• _Task objective_: Could you transcribe each record below exactly as written, setting the pictures aside?

• _Data extract_:
******************************

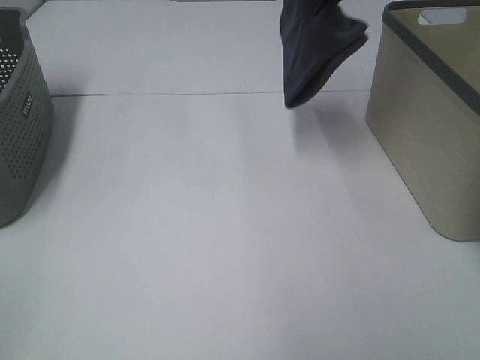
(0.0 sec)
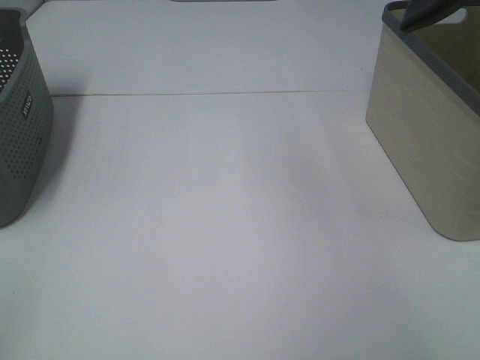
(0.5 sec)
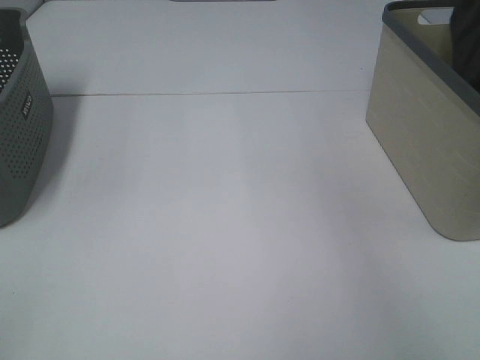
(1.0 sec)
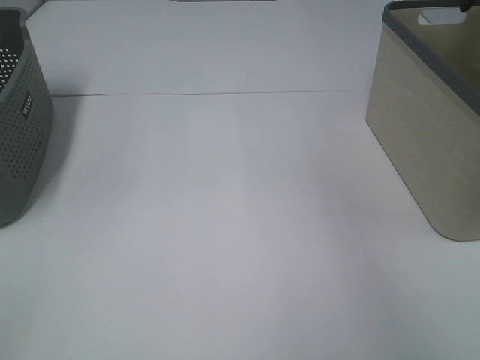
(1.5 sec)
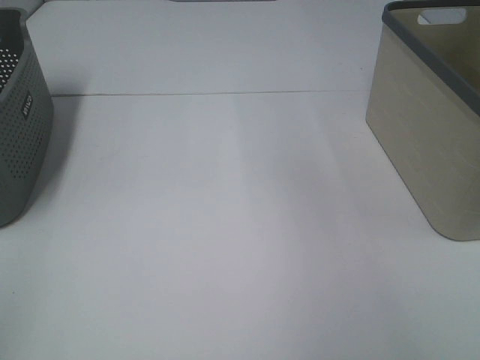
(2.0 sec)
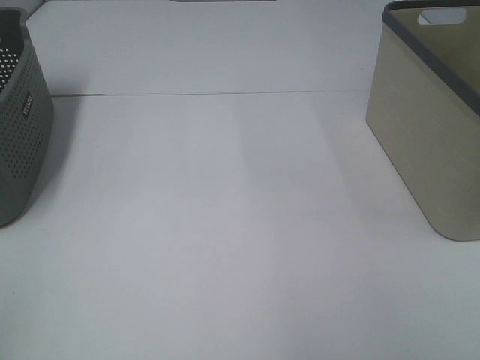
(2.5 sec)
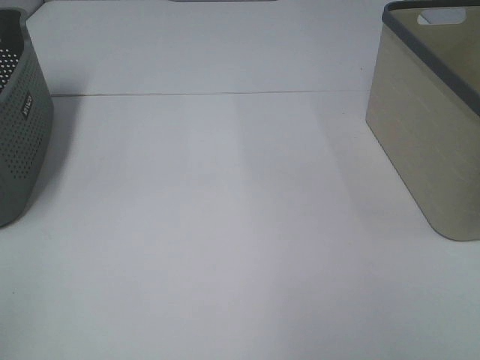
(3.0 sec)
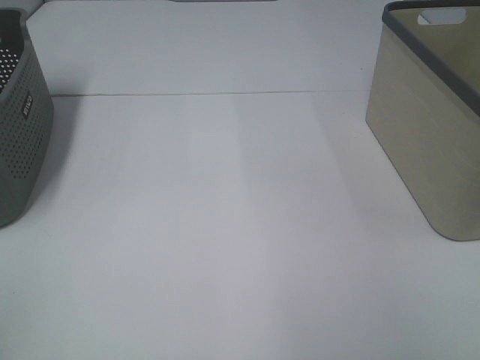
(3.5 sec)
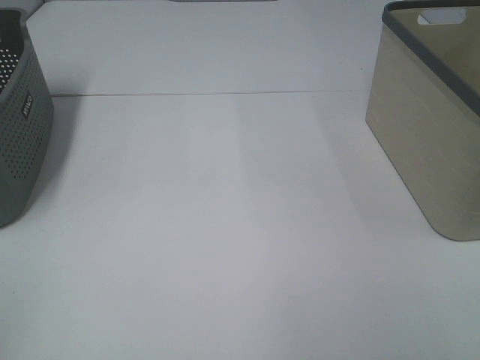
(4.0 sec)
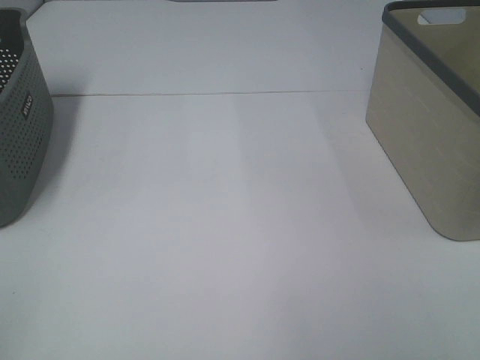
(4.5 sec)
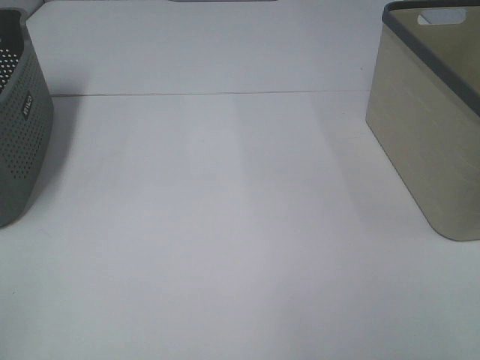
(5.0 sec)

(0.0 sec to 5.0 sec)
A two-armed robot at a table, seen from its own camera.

******************************

• _Answer to this exercise_:
(0.0 sec)
(0.5 sec)
(1.0 sec)
(1.5 sec)
(2.0 sec)
(2.5 sec)
(3.0 sec)
(3.5 sec)
(4.0 sec)
(4.5 sec)
(5.0 sec)

(0.0 sec to 5.0 sec)
A two-armed robot at a table, seen from its own camera.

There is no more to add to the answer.